— Сходи в хату, вызови мента. Только по-тихому.
— А если не пойдет?
— А ты попроси. Вежливо… Типа, базар есть.
Шлямбур выбрался из травы и, по-партизански пригнувшись, побежал к дверям барака. Шаман принялся разминать руку.
Сумрака приволокли не в кабинет Вышкина, который находился на втором этаже штаба, а в оперчасть, на первый. Гладких прикинул, что беседовать привычнее в родных стенах. А то сломаешь ненароком какой-нибудь сувенир или распятие — шеф потом на говно изойдет.
Положенца усадили на табурет, руки сцепили браслетами, правда, не за спиной, а спереди. Два двухметровых воина с дубинками встали по бокам. Впрочем, хватило бы и одного — переломанный положенец самостоятельно даже подняться не мог. Он тяжело дышал, хрипя порванной пастью, словно задыхаясь от нехватки воздуха. Вместо правого глаза — кровавый сгусток. На распухшей губе висел выбитый зуб. Из уха сочилась алая струйка. Очень правильная картина. Прекрасный грим. Вернее, не грим. Все вживую, без фонограммы.
Собаке — собачья… Порция воды из чайника на голову.
— Очухался, пидор?
Сумрак сплюнул под ноги кровь, поднял голову.
— Вижу, очухался… Мужики, посидите в коридоре, у меня с этим чушком интимный разговор. Только далеко не уходите.
«Тайфуновцы» воткнули дубинки в ножны и молча покинули кабинет.
— Ну что, трухлявый, понял, кто здесь главный?.. Жить, сука, хочешь? — задал главный вопрос начальник оперчасти, опустив для экономии приветственное слово.
Сумрак не ответил, лишь еще раз плюнул под ноги куму.
— Я не люблю, когда в моем кабинете плюются, сука… Еще раз харкнешь, харей твоей подотру.
Гладких вплотную подошел к положенцу, схватил за волосы и прошептал:
— Короче, у тебя один шанс выползти отсюда живым. Ни полтора, ни два. А один… Сейчас толкуешь мне, куда общак дел. Иначе сдохнешь при оказании сопротивления органам государственной власти. Я внятно объясняю? Повторять не надо?
Сумароков покачал головой, но потом откинулся на табурете и, застонав от боли, сцепленными в замок руками врезал куму по скуле. Тот хрюкнул и опрокинулся на стол.
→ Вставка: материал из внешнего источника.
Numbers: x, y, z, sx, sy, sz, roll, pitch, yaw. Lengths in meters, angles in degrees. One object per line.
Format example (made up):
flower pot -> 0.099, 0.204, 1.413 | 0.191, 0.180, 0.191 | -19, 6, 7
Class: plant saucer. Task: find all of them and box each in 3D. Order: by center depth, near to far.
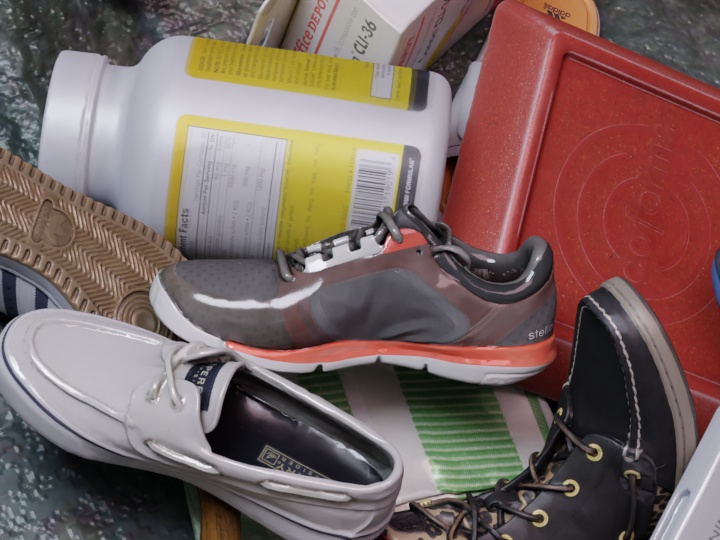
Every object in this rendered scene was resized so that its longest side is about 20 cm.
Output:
plant saucer -> 0.143, -0.023, 1.285 | 0.200, 0.037, 0.200 | 21, 72, -19

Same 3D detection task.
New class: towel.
towel -> -0.005, 0.063, 1.258 | 0.200, 0.023, 0.153 | -12, 67, -18

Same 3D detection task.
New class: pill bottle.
pill bottle -> -0.058, -0.058, 1.246 | 0.200, 0.112, 0.112 | 8, 62, -1

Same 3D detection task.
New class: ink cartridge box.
ink cartridge box -> 0.022, -0.151, 1.318 | 0.067, 0.117, 0.200 | 42, 62, 9

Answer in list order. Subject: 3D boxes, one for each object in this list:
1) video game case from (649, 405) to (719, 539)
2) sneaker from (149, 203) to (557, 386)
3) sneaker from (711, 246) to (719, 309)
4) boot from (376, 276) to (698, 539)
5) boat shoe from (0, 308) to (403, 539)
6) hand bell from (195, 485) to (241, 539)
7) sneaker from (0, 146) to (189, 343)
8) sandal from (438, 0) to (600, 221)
video game case -> 0.202, 0.190, 1.163 | 0.200, 0.023, 0.182 | 36, 75, -26
sneaker -> 0.000, 0.000, 1.180 | 0.200, 0.082, 0.077 | 4, 27, -9
sneaker -> 0.230, 0.076, 1.263 | 0.200, 0.078, 0.066 | 53, 44, -4
boot -> 0.079, 0.107, 1.173 | 0.150, 0.200, 0.073 | -18, 42, -16
boat shoe -> -0.073, 0.064, 1.122 | 0.200, 0.066, 0.072 | 29, 54, 4
hand bell -> -0.064, 0.131, 1.157 | 0.104, 0.104, 0.200 | 5, 64, -12
sneaker -> -0.166, 0.005, 1.216 | 0.200, 0.108, 0.070 | 36, 56, -21
sandal -> 0.089, -0.096, 1.334 | 0.079, 0.059, 0.207 | 20, 56, -3

На шум мгновенно набежала стража и принялась заступаться за обиженного начальника. Его попранная честь отстаивалась ногами и дубинками. Положенца запросто могли затоптать, но тут вовремя вмешался кум — он еще не закончил дознание, а мертвый Сумрак вряд ли что-нибудь скажет.
— Не надо, мужики, я сам. Покурите.
— Мы не курим. Спортсмены.
— Ну, тогда ступайте потренируйтесь. Только этого… на место посадите. И смотрите, чтоб никого посторонних в коридоре не было!
Стража поклонилась, послушно выполнила просьбу и удалилась. Гладких взял со стола холодный дырокол и прижал его к оскорбленной скуле.
— Ну, что, петух… Продолжим?
Шлямбур, как закаленный в криминальных войнах боец, прекрасно понимал, что мент из барака добровольно не выйдет. Можно, конечно, вырубить и вытащить — никто за него не впишется, но Шаман велел сделать все по-тихому. А значит, надо использовать самое коварное оружие — доброту.
Блатной незаметно, серой мышью скользнул в барак. Народ не обратил на него внимания, все теснились возле окон и обсуждали происходящее, делая ставки, кто возьмет верх — зэки или администрация. Кольцов сидел на своей шконке, прислушиваясь к разговорам. Шлямбур вынырнул из тени, подсел рядом и зашептал:
— Слышь, мент… Наши базар слышали, что тебя кум прессануть собрался. Под шумок. Лыбишься ты ему не очень широко.